November 2017 Was An Unusual Month

Here Is What Happened

History of voltage, November 2017

Around noon on the 4th of November we suffered a power outage that lasted several hours.  When the power returned the voltage was much lower than it had been by about 2 volts, averaging around 120 VAC, just where it should be under normal circumstances.  "This is good", I thought to myself and hoped that it would last.  And last it did ... until the morning of 28 November when the voltage suddenly climbed back up to where it had been before the outage.  Well, I said "the voltage climbed" as if it had done so by itself.  Of course, what actually happened was that Hydro One intentionally increased the voltage being supplied to my home and, presumably, all the other homes which had been affected by the power outage on November 4th.

Above is a graph of my voltage measurements for the month.  The main point is the sudden drop in voltage on 04 November to a reasonable level (120 VAC) and the corresponding rise in voltage on 28 November, and you can see those changes in the graph.  (You can also see the blank period from 8 to 12 November when no measurements were made, but this has no effect on our calculations.)  Here is a summary of the calculated average voltages during the three important periods shown on the graph :

  • Nov 1-4 (before the outage) : 122.9 VAC average
  • Nov 4-28 (after the outage) : 120.44 VAC average
  • Nov 28-30 (back to "normal") : 122.6 VAC average
  • So, combining Nov 1-4 and 28-30 : 122.74 VAC average

If it had not been for the drop in voltage following the power outage, the average voltage for the month of November would have probably been around 122.7 or 122.8 VAC, very nearly in line with the averages for earlier months.  For the first 7 days of December, the voltage averaged 123.0 VAC. 
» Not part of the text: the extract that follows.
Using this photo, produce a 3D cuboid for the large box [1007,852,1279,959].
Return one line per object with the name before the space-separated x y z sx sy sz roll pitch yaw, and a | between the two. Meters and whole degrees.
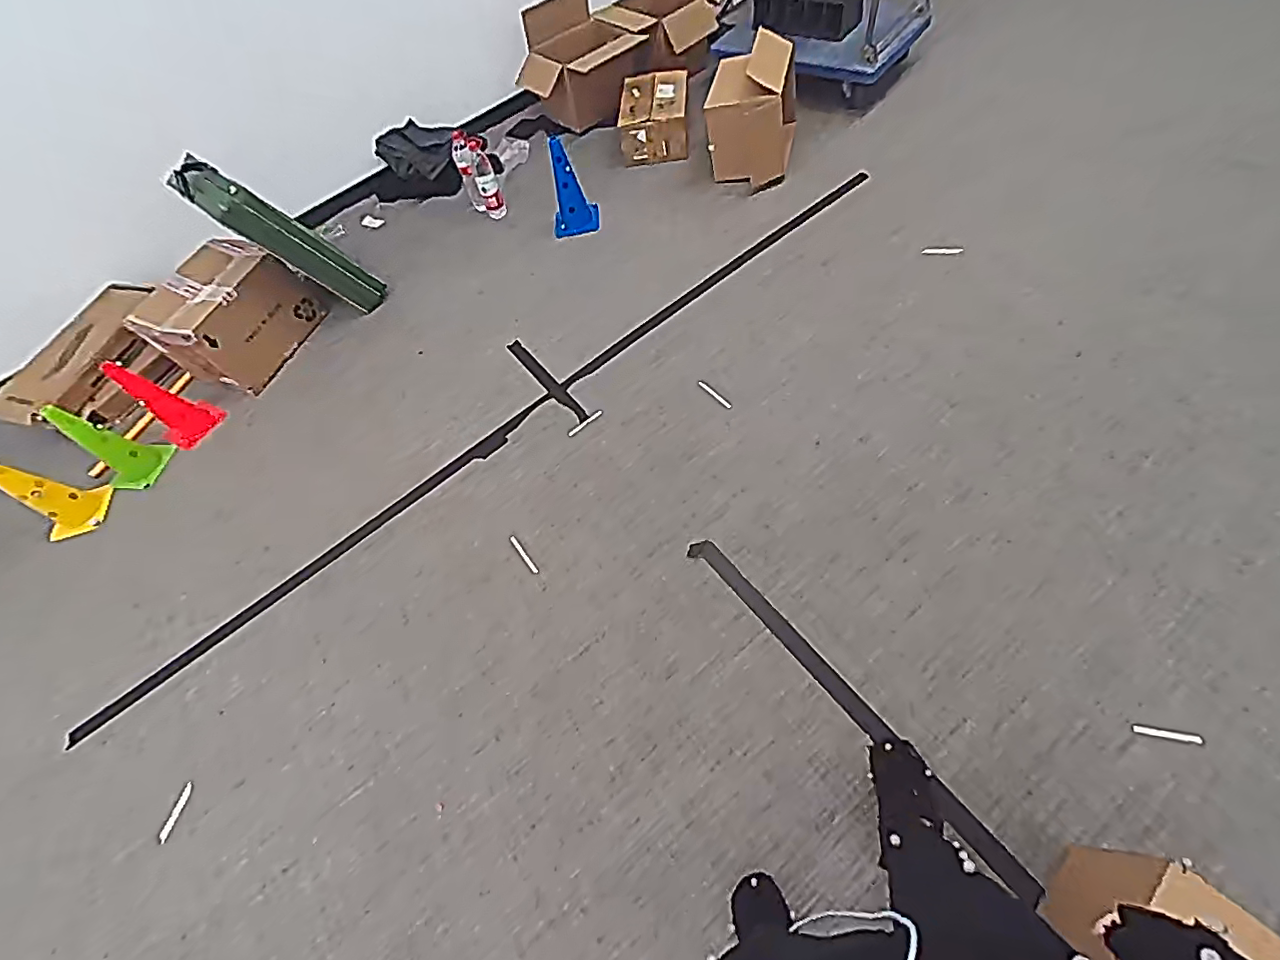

The sudden increase in voltage delivered to my home on 28 November which is continuing into December strongly suggests that it is Hydro One's decision and intention to provide a higher voltage than is necessary for the needs of my appliances, otherwise, they would have left the voltage where it was, averaging around 120.0 VAC, as the voltage had been set following the power outage of 04 November. 

Explanation Needed

If Hydro One is going to use the excuse that my voltage has to be so much higher than 120 VAC so that other customers further down the same supply line can receive an average voltage of 120 VAC, I would like to know where these customers are located, in relation to my home, and the location of the place where the voltage is being set, in relation to both my home and these other, voltage-deprived customers.  And the obvious question is, "What is the actual average voltage received by these customers?"